Rehabilitasyon merkezlerinin hastanın güzelleşmesine epeyce değerli katkılar sağladığını kaydeden Prof. Dr. Nevzat Tarhan, “Ülkemizde kurulan ve hizmet veren ruh sıhhati merkezleri epey faydalı oldu fakat yetmiyor. Biroldukça hastalığı denetim altına almak epey zorlaştı. Bilhassa şizofreni hastalarında ilaç reddi epey oluyor. Hastalık şuuru olmadığı için kişi kendi hastalığını kabul etmiyor. Onun için her tedavi usulünü düşman üzere görüyor. Biroldukca tabibe şiddet hadisesinin gerisinde şizofren hastalığı olabiliyor. ‘Beni hastaneye yatıracaklar, bana ziyan verecekler, öldürecekler, tecavüz edecekler’ diye düşünüp karşısına beyaz önlüklü kim çıkarsa saldırıyor. Bu niçinle bu hastalara yaklaşım formu hayli farklı ve değerli.” dedi.

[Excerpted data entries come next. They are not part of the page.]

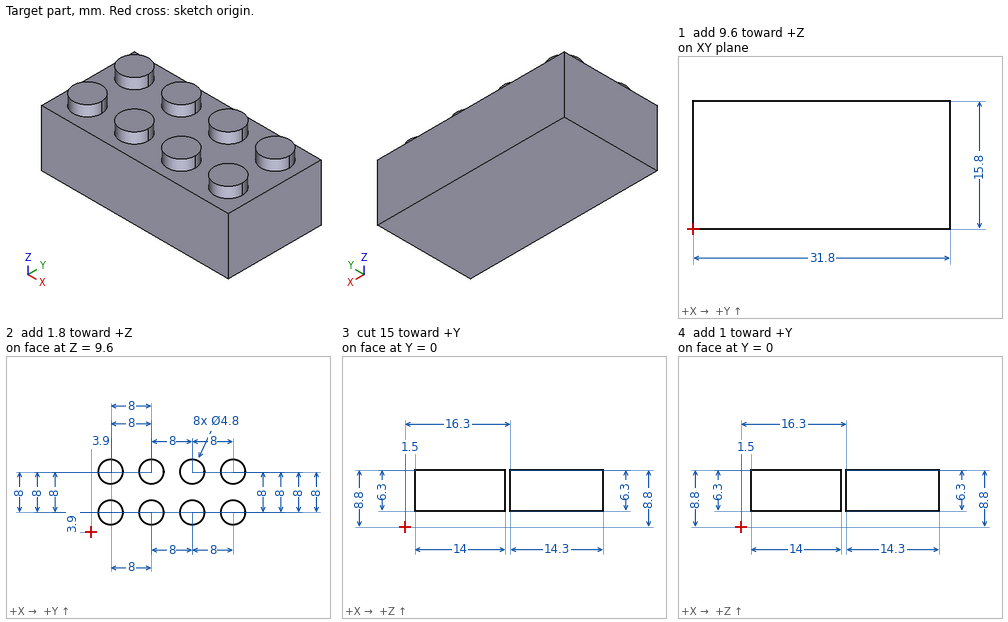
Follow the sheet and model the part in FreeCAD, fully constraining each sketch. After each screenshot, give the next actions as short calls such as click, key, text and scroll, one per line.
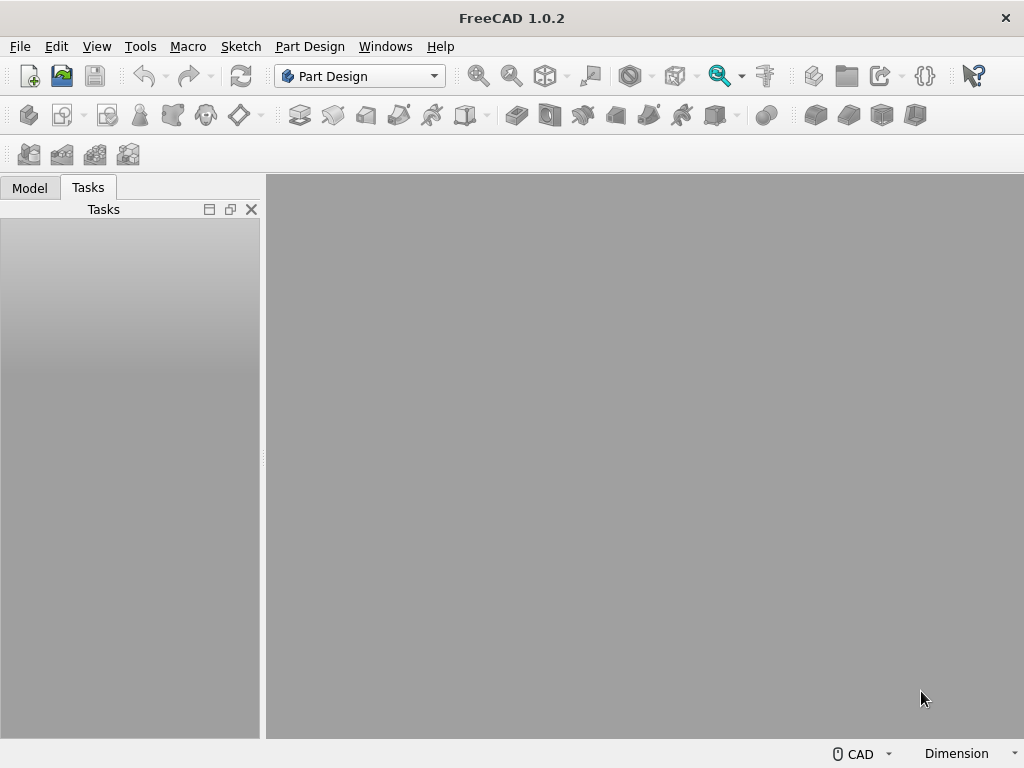
key(ctrl+n)
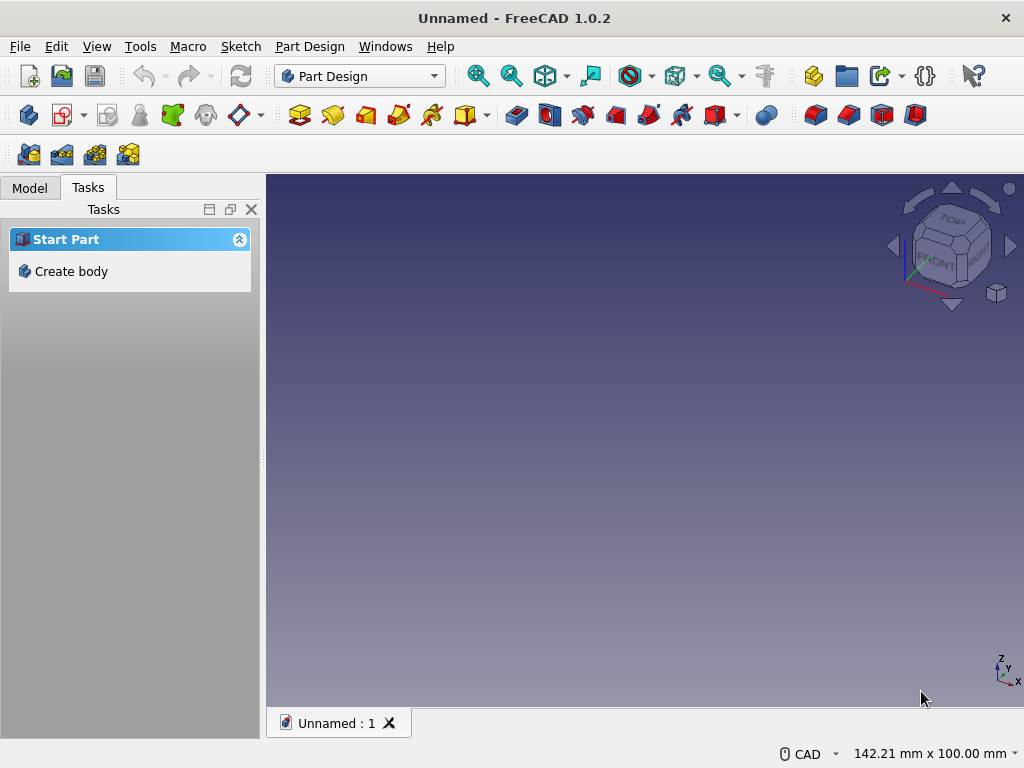
click(62, 116)
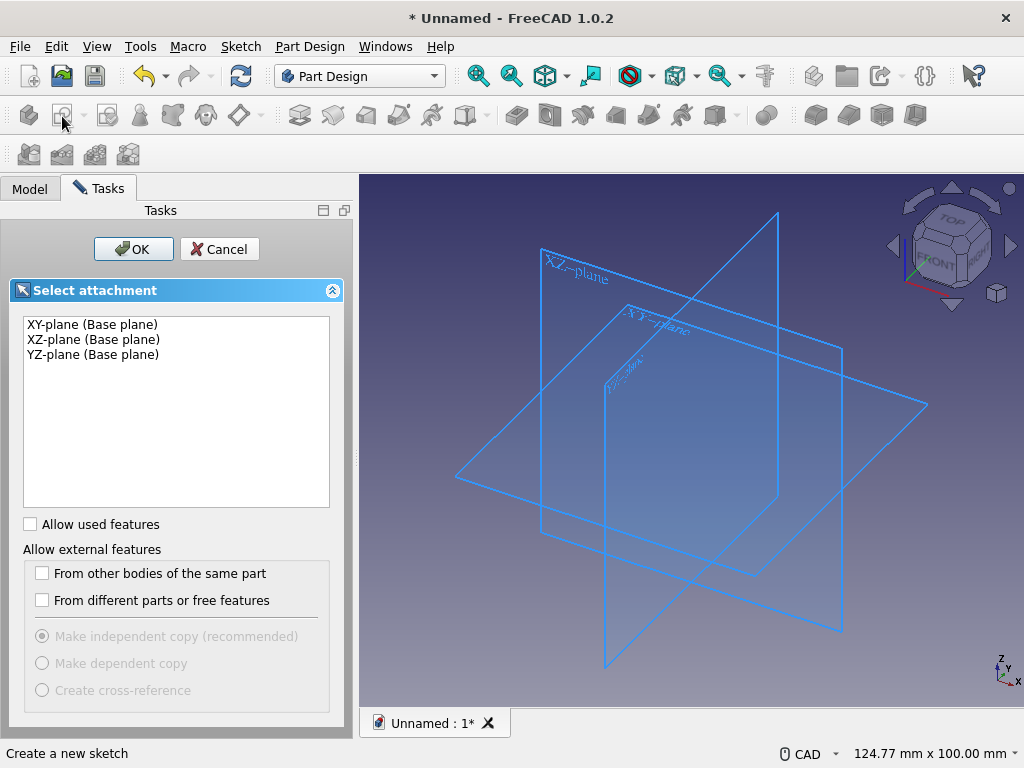
click(84, 324)
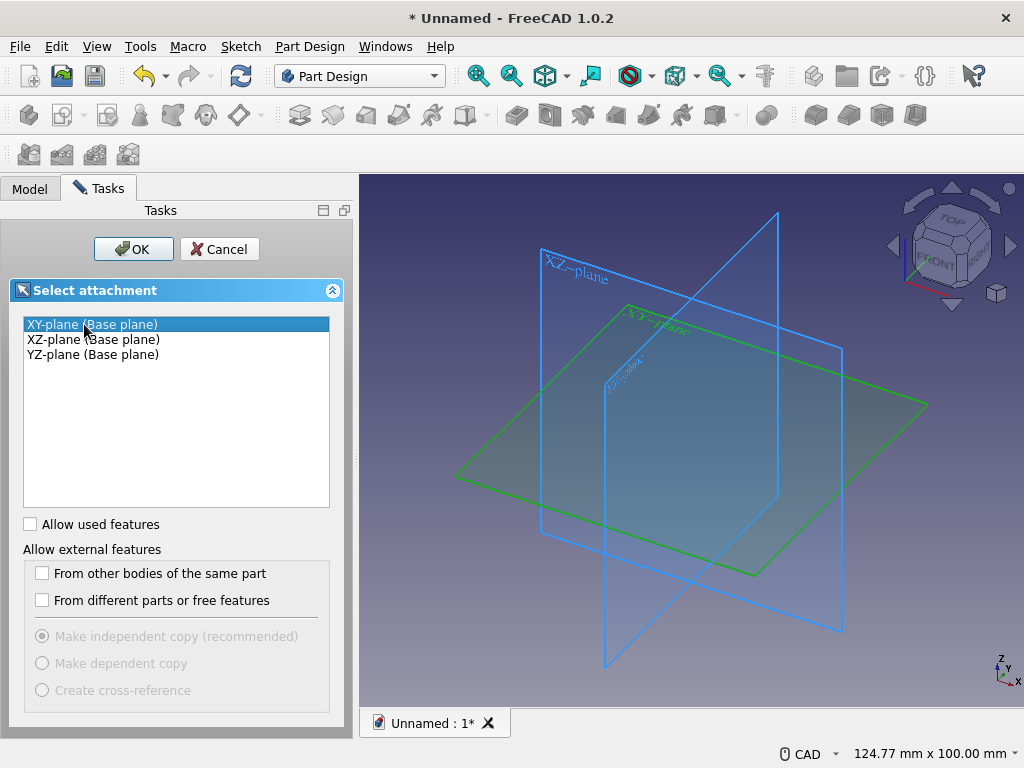
click(134, 249)

Dopamin artıran ilaçlar dikkatli kullanılmalı

Bağımlılık yapan unsurların, dikkat eksikliği tedavisinde kullanılan kimi ilaçların bireyde genetik yatkınlık var ise şizofreniyi tetikleyebildiğini kaydeden Prof. Dr. Nevzat Tarhan, “Özellikle ilaçların hekim nezaretinde kullanılması epey kıymetlidir. Bilhassa dopamin arttıran ilaçlar hayli dikkatli kullanılmalıdır. Beyinde dopaminin fazla artması demek, bireyde yatkınlık geni var ise şizofreniyi çıkarıyor. Dopamin beyinde ödül/ceza sisteminin ödül kimyasalı. Beyin şizofrende dopamini çok fazla salgılıyor.” ihtarında bulundu.

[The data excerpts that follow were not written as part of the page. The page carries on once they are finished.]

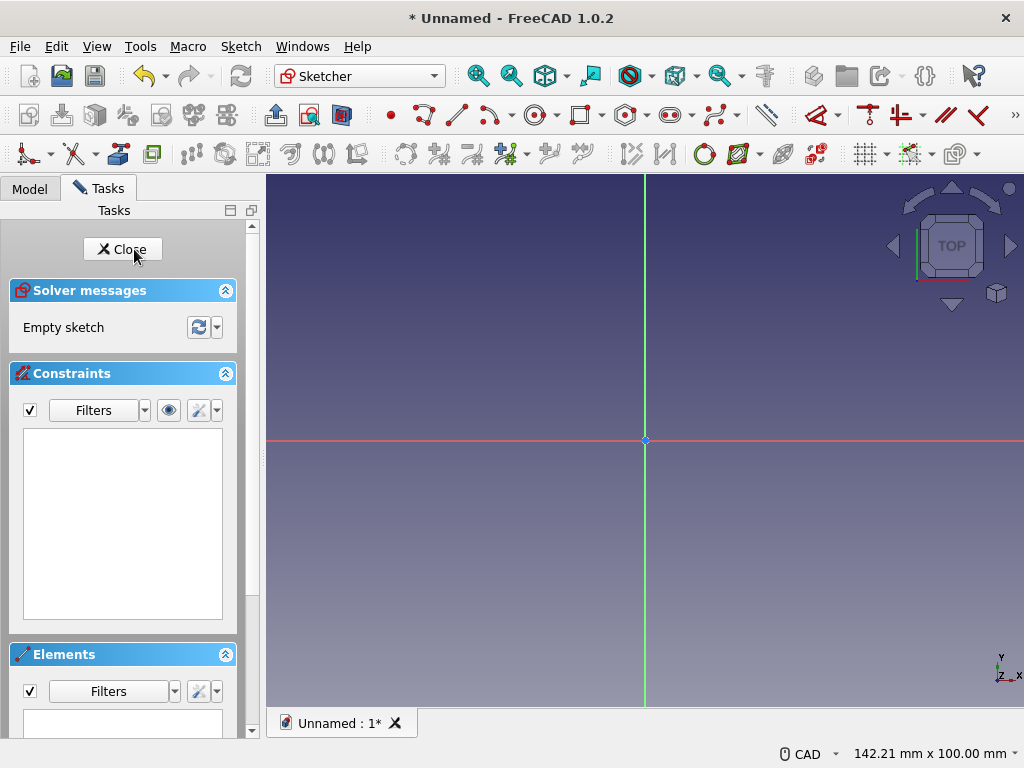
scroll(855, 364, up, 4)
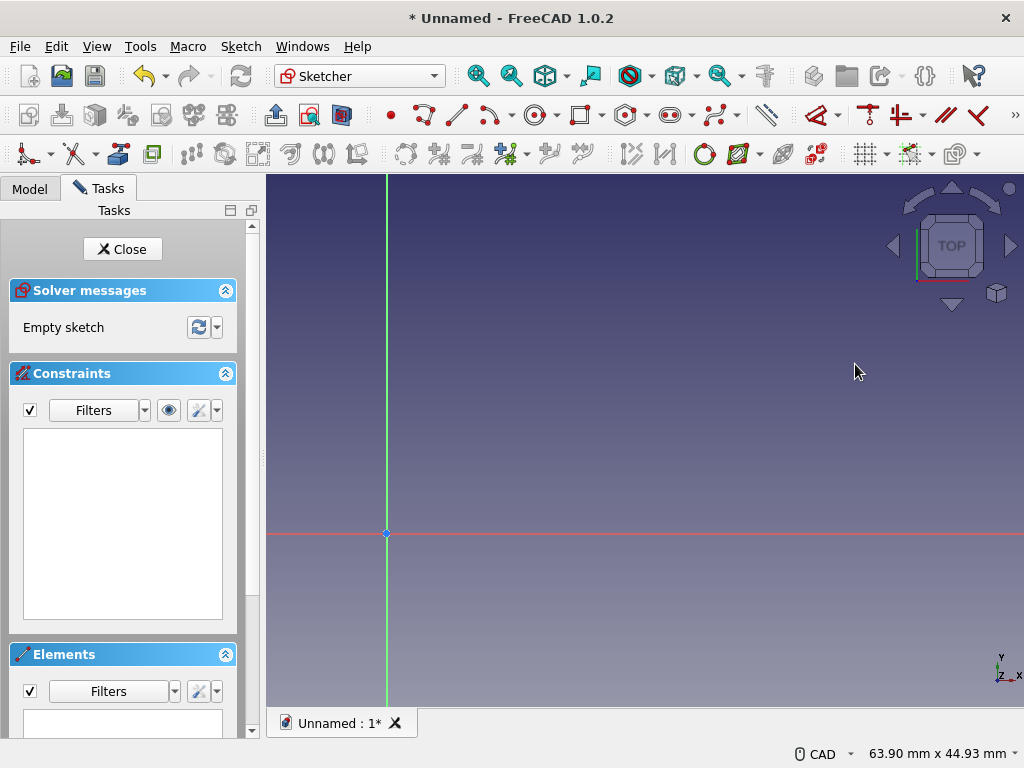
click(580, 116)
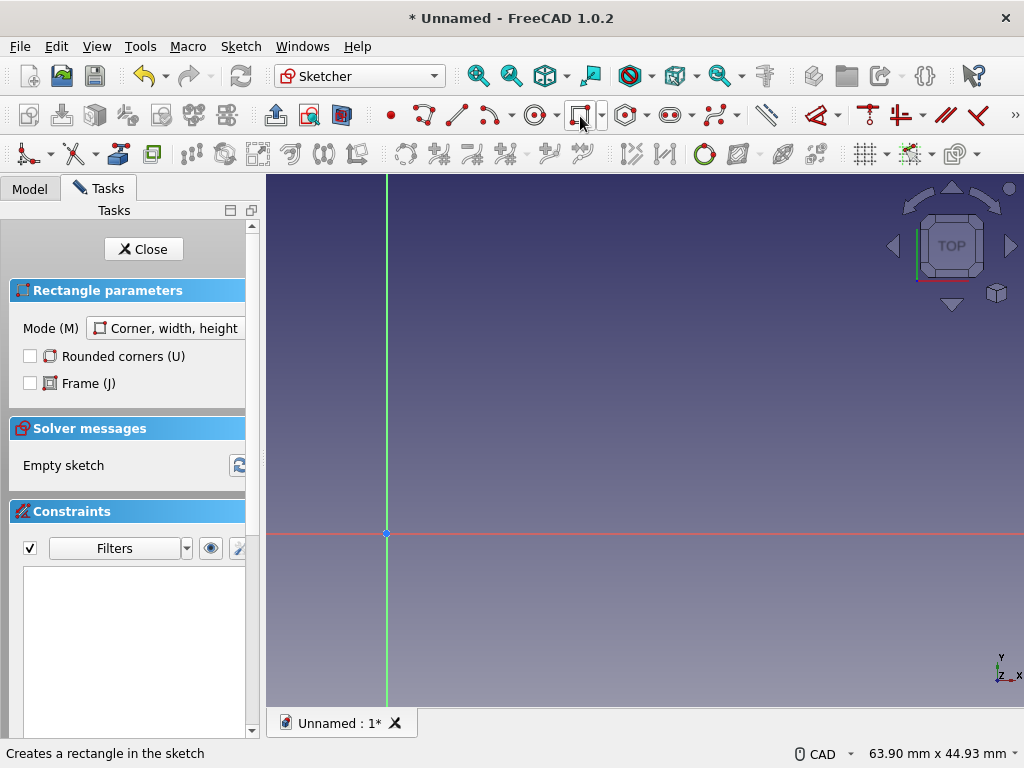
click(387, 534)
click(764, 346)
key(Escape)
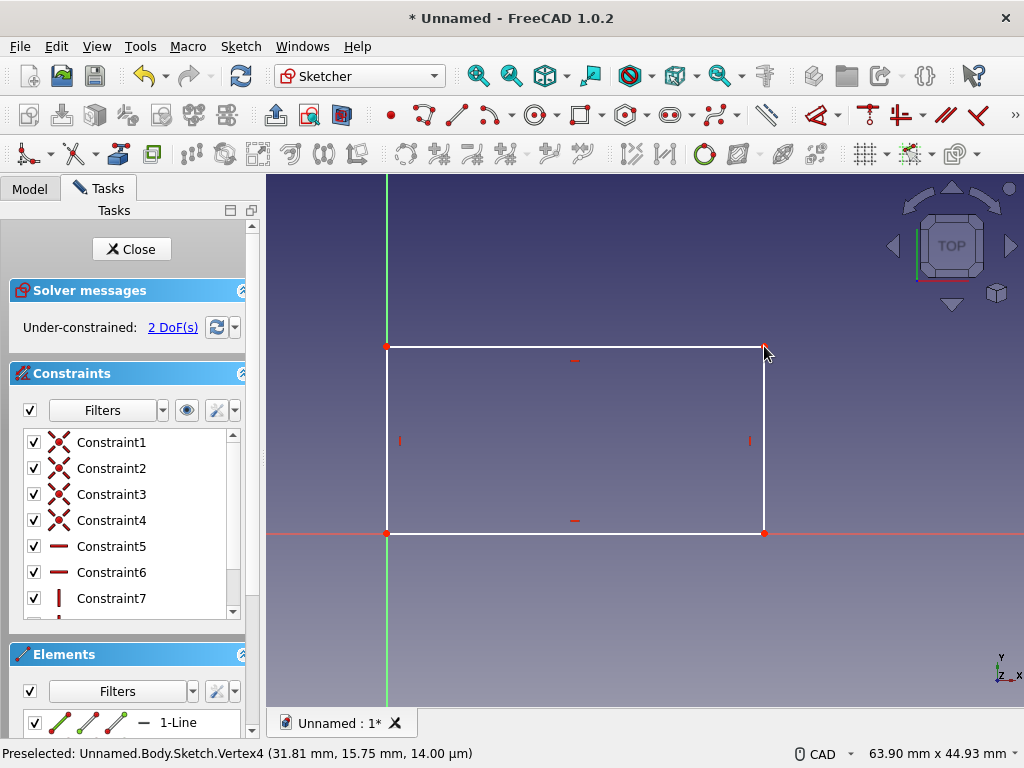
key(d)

Şizofrenik bireyler sevgi yatırımını yalnızca kendine yapıyor

Şizofreni hastalığının ana belirtilerine de değinen Prof. Dr. Nevzat Tarhan, “Dereistik fikir şekli, otistik hayat usulüdür. Dereistik gerçeğe uymayan fikir üslubu manasında kullanılıyor. Freud otizm ile ilgili çocukların birinci doğduklarında birinci kendini sevdiklerini ve birinci kendine hayran olduklarını söylüyor. Çocuk ömrü öğrenmeden yalnızca ‘ben ve annem’ diyor. Sevgi yatırımını kendi egosuna yapıyor. ondan sonrasında büyüdükçe sevgi yatırımını babasına, ailesine, arkadaşlarına, ülkesine, vatana daha da büyüdükçe ve olgunlaştıkça da kozmosa, varoluşa, yaratıcıya zihinsel, duygusal yatırımını yapıyor. Şizofrenik bireyler de sevgi yatırımını diğerlerine yapmıyor. Yalnızca kendine döndürüyor.” dedi.Şizofreni hastalarında vakit zaman his, niyet, davranış ve ömür biçimi değişiklikleri olduğunu da belirten Prof. Dr. Nevzat Tarhan, “Duygu değişiklikleri olabilir. Kimilerinde coşku olur, kimi şizofren tiplerinde içe kapanma olur, birtakım şizofren cinslerinde takıntı olur, kimileri kuşkuculuk olur. Kimileriyse her şeyden kopuktur. Eski tabirle dezorganize şizofreni dediğimiz olaylarda saçma sapan konuşmalar görülebilir. Dünyada çeşitli örnekleri de vakit zaman görülür, toplu intiharlar yaşanabilir.” diye konuştu.

Şizofrenide tedavi formları fazlaca ilerledi

Günümüzde şizofreni hastalığının tedavisinin fazlaca ilerlediğini belirten Üsküdar Üniversitesi Kurucu Rektörü, psikiyatrist Prof. Dr. Nevzat Tarhan, “Tıp bu manada değerli kademe kaydetti. Olayların 3’te 1’i düzgünleşiyor, 3’te 1’i ne yaparsan yap güzelleşmiyor. Öteki 3’te 1’i de toplumsal şifa dediğimiz duruma geliyor, senelerca ilaç kullanıyor. Onun için şizofreni tanısı koymak için vakte gereksinim bulunuyor. Vakaya bir görüşte şizofren denilemez. Şizofreni teşhisinde yalnızca niyet bozukluğu olması yetmiyor. His, niyet, davranış bozukluklarının da eşlik etmesi lazım. Kişinin toplumsal ahengi bozuluyor. Tedavide bireye yapılacak ferdi psikoterapide etraf dayanağı de kıymetli. örneğin biroldukca şizofreni hadisesinde etraf yapan oluyor. Yapan olduğu için şizofreni nüksetmeden seyredebiliyor. Şzofreni tedavisinde tıp eskiye nazaran daha ilerde. Artık beynin birfazlaca sırları anlaşılabiliyor, bu niçinle kimse şizofreni düzelmez diye etiketleme yapmamalı.” dedi.